In policy terms, think of it this way. The Republican political tradition of tariffs and pro-business government intervention gave Hoover little guidance for dealing with the Depression. The ideals of the New Deal provided little to help Carter address the economic woes of the 1970s, new foreign policy crises, or the post-Watergate slump in national morale. For Trump’s part, it’s likely the case that cutting taxes will do little to address deindustrialization and economic inequality.
These presidents find themselves locked in immediacy in a way that’s different from their counterparts. Even before the Depression hit in October 1929 and redefined Hoover’s presidency, his political identity as a technocratic problem solver was evident in his inaugural address, which, unlike his predecessors’ speeches, focused heavily on the practical problems of the nation and the mandate of the election, without reference to the Constitution or the nation’s founding.
Carter’s 1977 inaugural included more history, but the overall politics of his administration stand out as especially immediate compared with others around the same time. An obsession with FDR’s accomplishments fueled LBJ’s ambition. Reconnecting with old constitutional values underpinned the “Reagan revolution.”
In contrast, Carter was trying new things: a new infusion of morality into foreign and domestic policy, ethics in government, attention to energy and environmentalism. Carter and his advisers didn’t invent any of these things, of course, but they were rarely presented in terms of past precedent or tradition. There is something about the disjunctive presidency — the problems it faces and the tools it has to address them — that defies the comfort of history.
And who is more immediate — less historically oriented — than Trump? (Between when I drafted this and when I posted it, this happened.) His challenges in recalling and contextualizing basic facts of US history have been well-documented by writers of varying degrees of smugness, and there’s no need for me to rehash them at length here. However, ideological differences are worth pointing out.
Carter and Hoover were both coming from essentially progressive traditions, in the sense that both traditions were rooted in looser readings of the Constitution and in the use of government to address the problems of a changing society — to expand rights and adapt the economy to industrial pressures and environmental concerns. Trump’s message — and that of the party he now leads — is more preservationist. The idea of the original Constitution is a potent symbol for the conservative movement.

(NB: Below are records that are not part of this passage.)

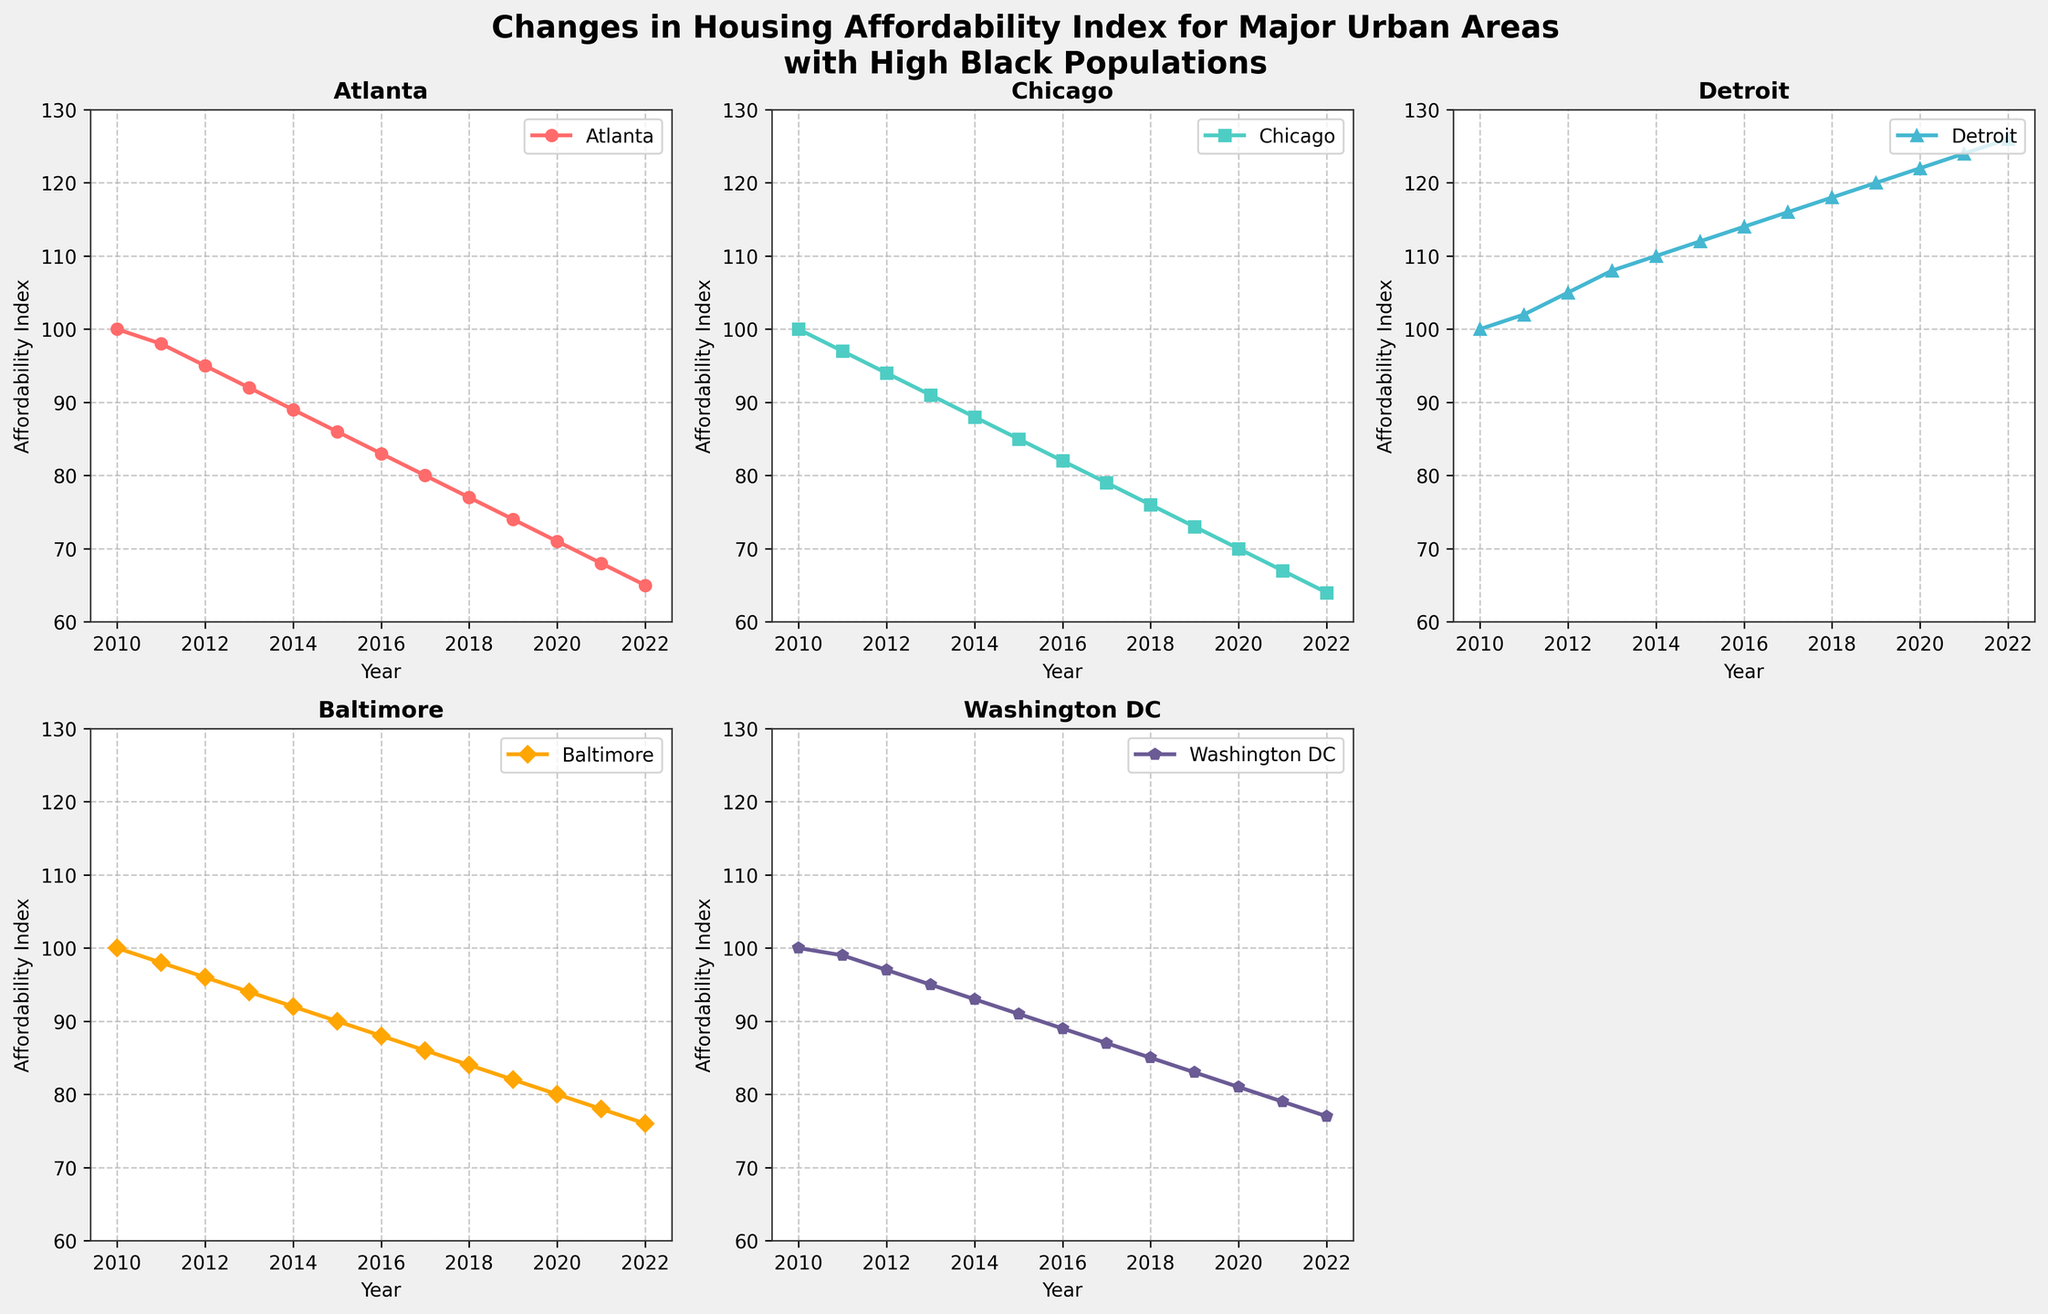What is the title of the figure? The title is located at the top of the figure and is typically larger and bolder than other text. It reads: "Changes in Housing Affordability Index for Major Urban Areas with High Black Populations"
Answer: Changes in Housing Affordability Index for Major Urban Areas with High Black Populations How many subplots are visible in the figure? By counting the number of individual charts within the figure, we see there are 5 subplots representing different cities. The sixth subplot space is left blank.
Answer: 5 Which city experienced the most significant decrease in the Housing Affordability Index from 2010 to 2022? To determine this, compare the decrease in the Affordability Index for each city from 2010 to 2022. Chicago dropped from 100 to 64, a decrease of 36 points, which is the highest.
Answer: Chicago In which year did Detroit's Housing Affordability Index reach 118? By locating Detroit's data series and examining the Affordability Index values, we see that it reached 118 in the year 2018.
Answer: 2018 How does the trend for Washington DC's Housing Affordability Index compare to that of Baltimore from 2010 to 2022? To compare trends, look at the series for both cities. Washington DC and Baltimore both show a decline over the period, but Washington DC's index decreased from 100 to 77 while Baltimore's index decreased from 100 to 76. Both declined similarly but Washington DC's decline is slightly less steep.
Answer: Both show a decline, but Washington DC's decline is slightly less steep What is the Affordability Index value for Atlanta in 2015? Locate Atlanta's data series for the year 2015, which reveals the Affordability Index value of 86.
Answer: 86 What pattern do you observe in the Housing Affordability Index for Detroit over the years? Detroit's data series shows a consistent increase year over year, indicating rising affordability issues, ending from 100 in 2010 to 126 in 2022.
Answer: Increasing trend Which city had the highest Housing Affordability Index in the year 2020? By comparing the Affordability Index of all cities in the year 2020, Detroit has the highest index of 122.
Answer: Detroit Is there any year where the Housing Affordability Index for all cities is equal or very close? In 2010, all cities start with an Affordability Index of 100. This is the only point where their values are equal.
Answer: 2010 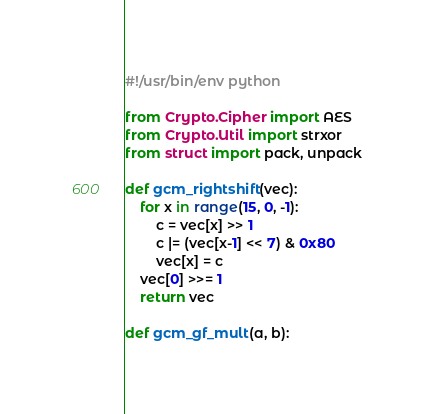<code> <loc_0><loc_0><loc_500><loc_500><_Python_>#!/usr/bin/env python

from Crypto.Cipher import AES
from Crypto.Util import strxor
from struct import pack, unpack

def gcm_rightshift(vec):
    for x in range(15, 0, -1):
        c = vec[x] >> 1
        c |= (vec[x-1] << 7) & 0x80
        vec[x] = c
    vec[0] >>= 1
    return vec

def gcm_gf_mult(a, b):</code> 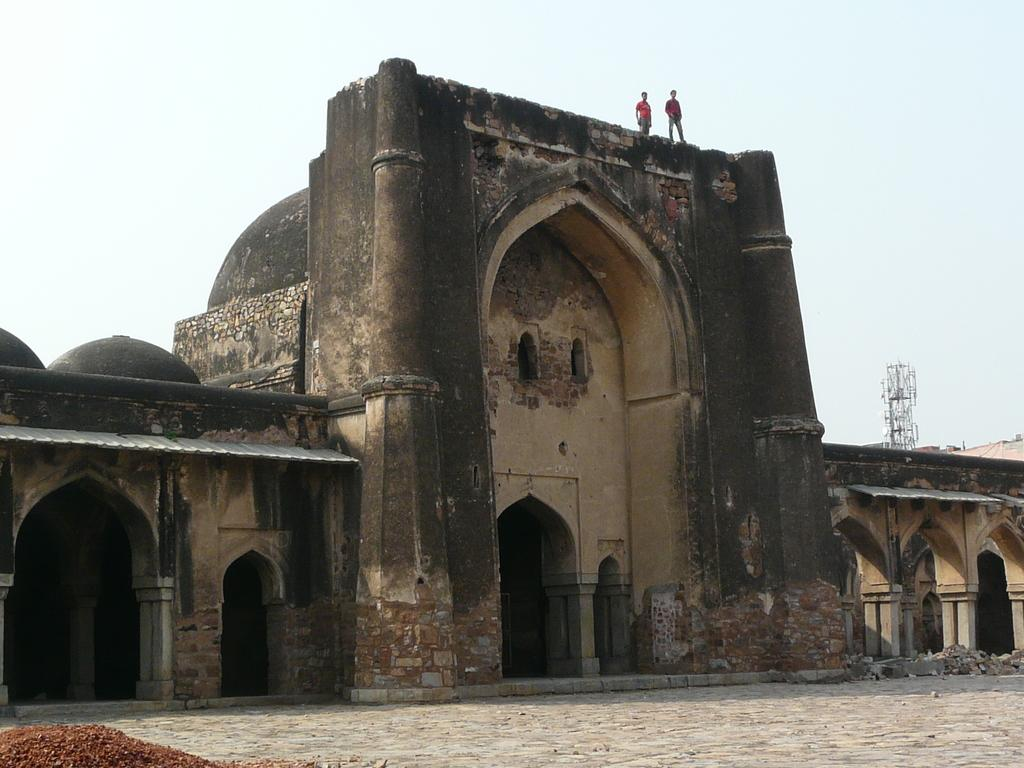What type of structure is depicted in the image? There is an old architecture building in the image. Are there any people present in the image? Yes, two people are standing on the building. What can be seen behind the building? There is a transmission tower behind the building. What is visible in the background of the image? The sky is visible in the image. What type of tin is being used by the doctor on the branch in the image? There is no tin, doctor, or branch present in the image. 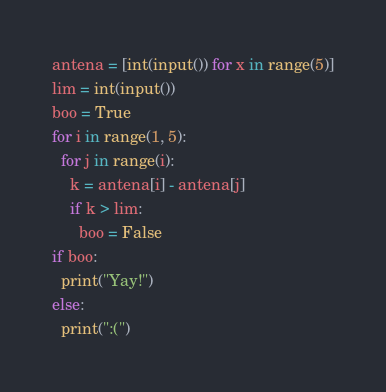Convert code to text. <code><loc_0><loc_0><loc_500><loc_500><_Python_>antena = [int(input()) for x in range(5)]
lim = int(input())
boo = True
for i in range(1, 5):
  for j in range(i):
    k = antena[i] - antena[j]
    if k > lim:
      boo = False
if boo:
  print("Yay!")
else:
  print(":(")</code> 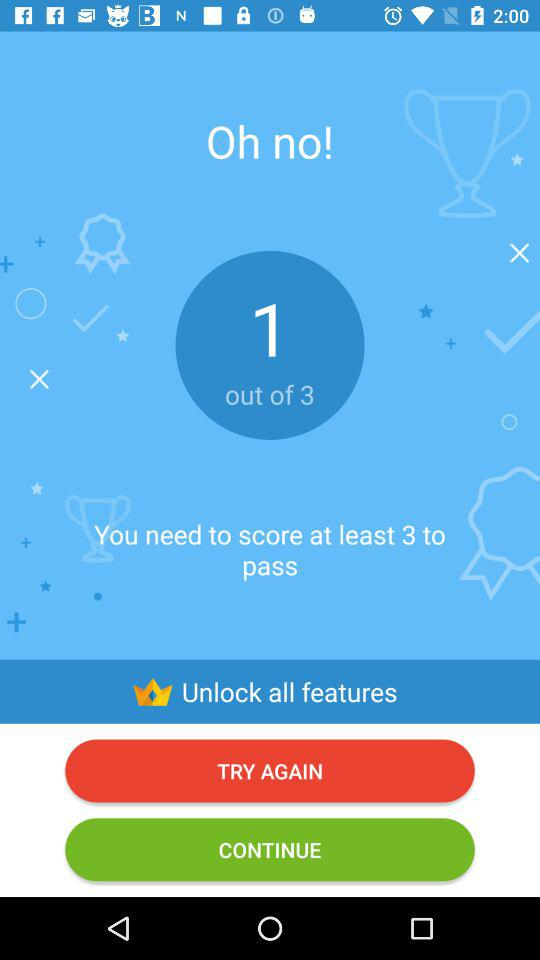How many points do you need to pass?
Answer the question using a single word or phrase. 3

This particular combination is a challenge — what does it mean to preserve the nation’s greatness without specific reference to the Constitution, the nation’s founders, or the iconic figures of our political tradition?
We have more than 1,000 days left to find out. Placing Trump in the long, winding story of presidential trial and error would certainly be comforting. The facts of his presidency defy such classification — both those specific to him and those that mark him as a possible disjunctive leader. At 100 days, for every aspect of Trump’s presidency that looks like a typical new executive or a standard Republican, we get at least one thing that reminds us how little he is tethered to party, ideology, or governing traditions. The familiar 100 days patter might bring a little relief, but it can only do so much.